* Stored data

* * * *

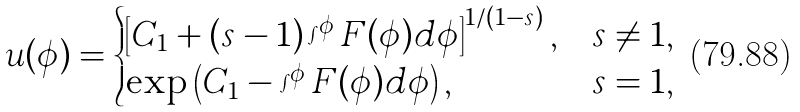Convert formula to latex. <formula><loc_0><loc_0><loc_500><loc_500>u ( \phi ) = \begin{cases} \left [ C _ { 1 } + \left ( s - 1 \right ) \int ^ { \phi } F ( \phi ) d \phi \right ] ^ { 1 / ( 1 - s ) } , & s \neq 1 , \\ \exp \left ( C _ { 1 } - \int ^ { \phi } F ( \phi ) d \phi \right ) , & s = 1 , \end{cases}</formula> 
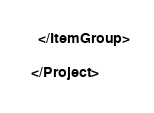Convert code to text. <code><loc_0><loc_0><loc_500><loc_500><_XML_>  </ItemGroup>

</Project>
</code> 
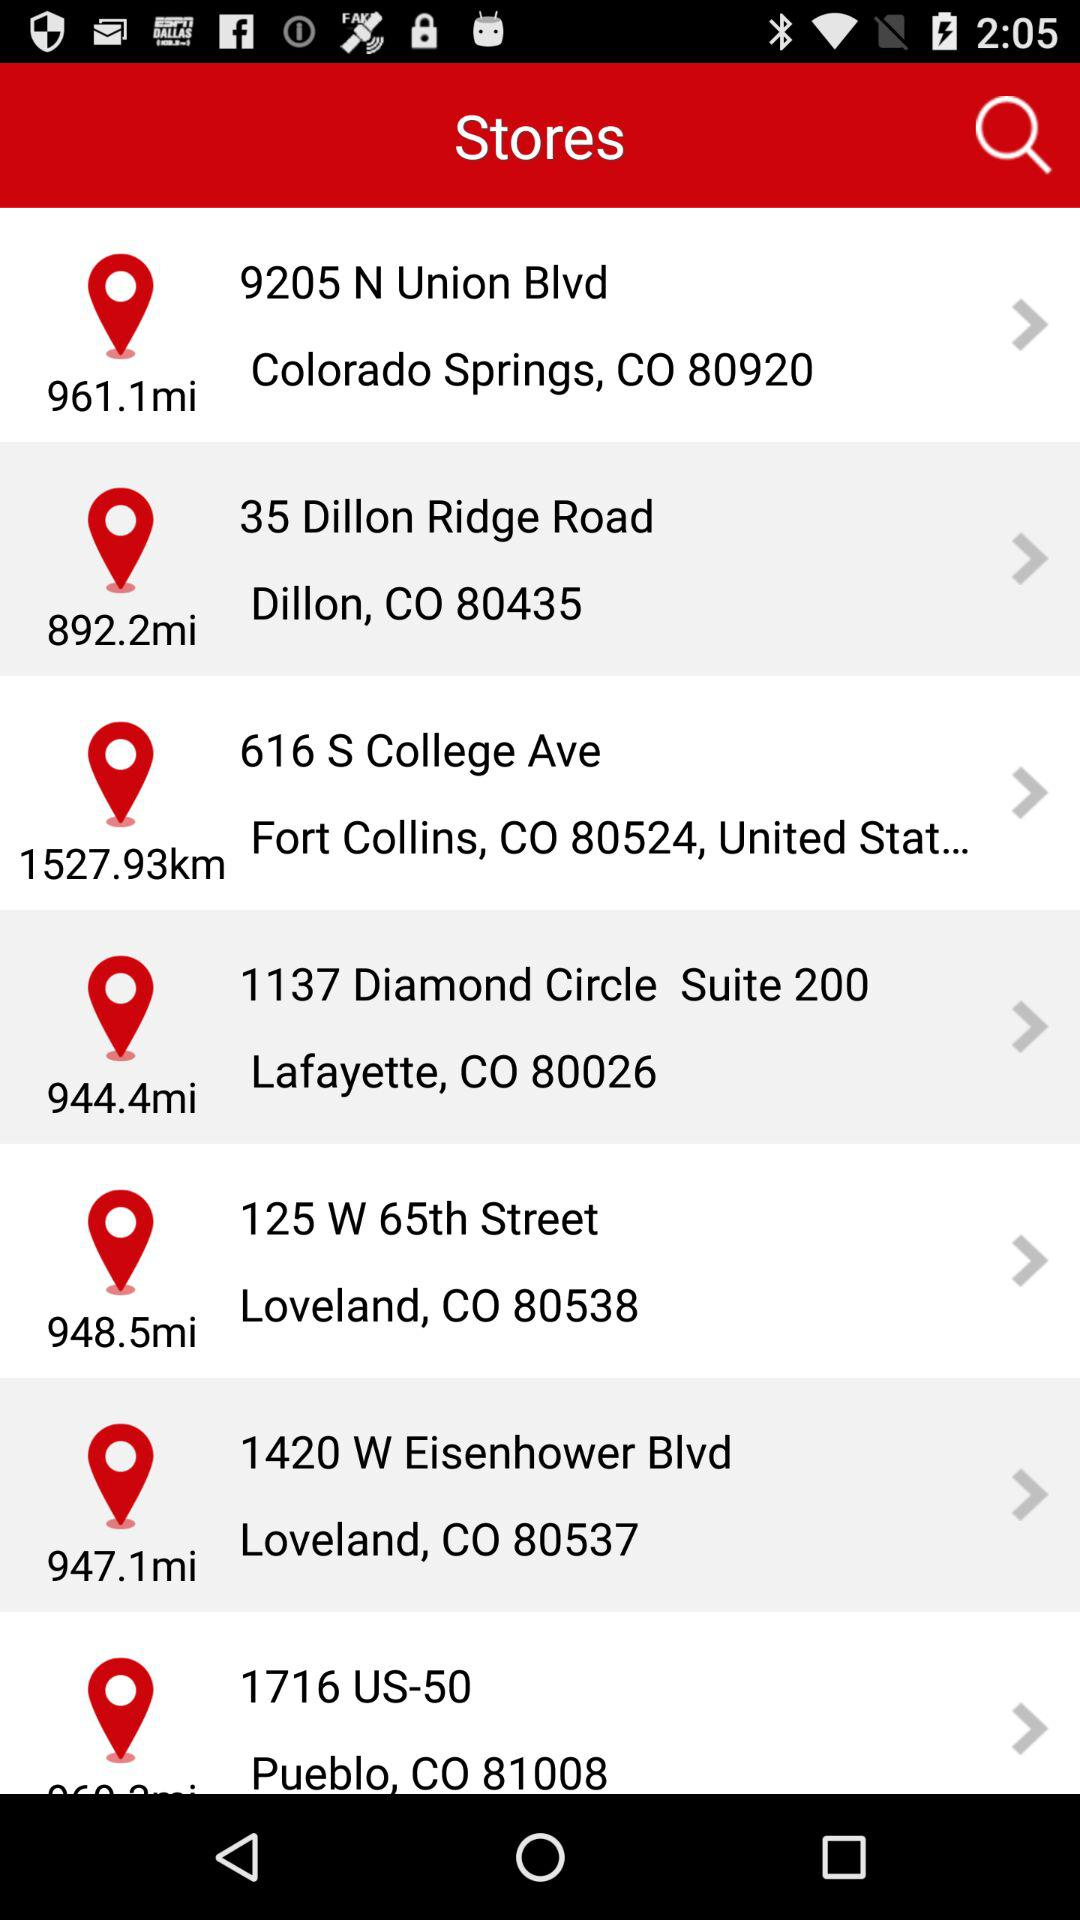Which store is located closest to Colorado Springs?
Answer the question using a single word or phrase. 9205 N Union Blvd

* * * *

* PROBLEM DETAILS
Each line above is to be repeated exactly as written; no picture is carried over.

* WRITTEN ANSWER
Convert formula to latex. <formula><loc_0><loc_0><loc_500><loc_500>u ( \phi ) = \begin{cases} \left [ C _ { 1 } + \left ( s - 1 \right ) \int ^ { \phi } F ( \phi ) d \phi \right ] ^ { 1 / ( 1 - s ) } , & s \neq 1 , \\ \exp \left ( C _ { 1 } - \int ^ { \phi } F ( \phi ) d \phi \right ) , & s = 1 , \end{cases}</formula> 
Convert code to text. <code><loc_0><loc_0><loc_500><loc_500><_XML_>  </ItemGroup>

</Project>
</code> 
Which store is located closest to Colorado Springs?
Answer the question using a single word or phrase. 9205 N Union Blvd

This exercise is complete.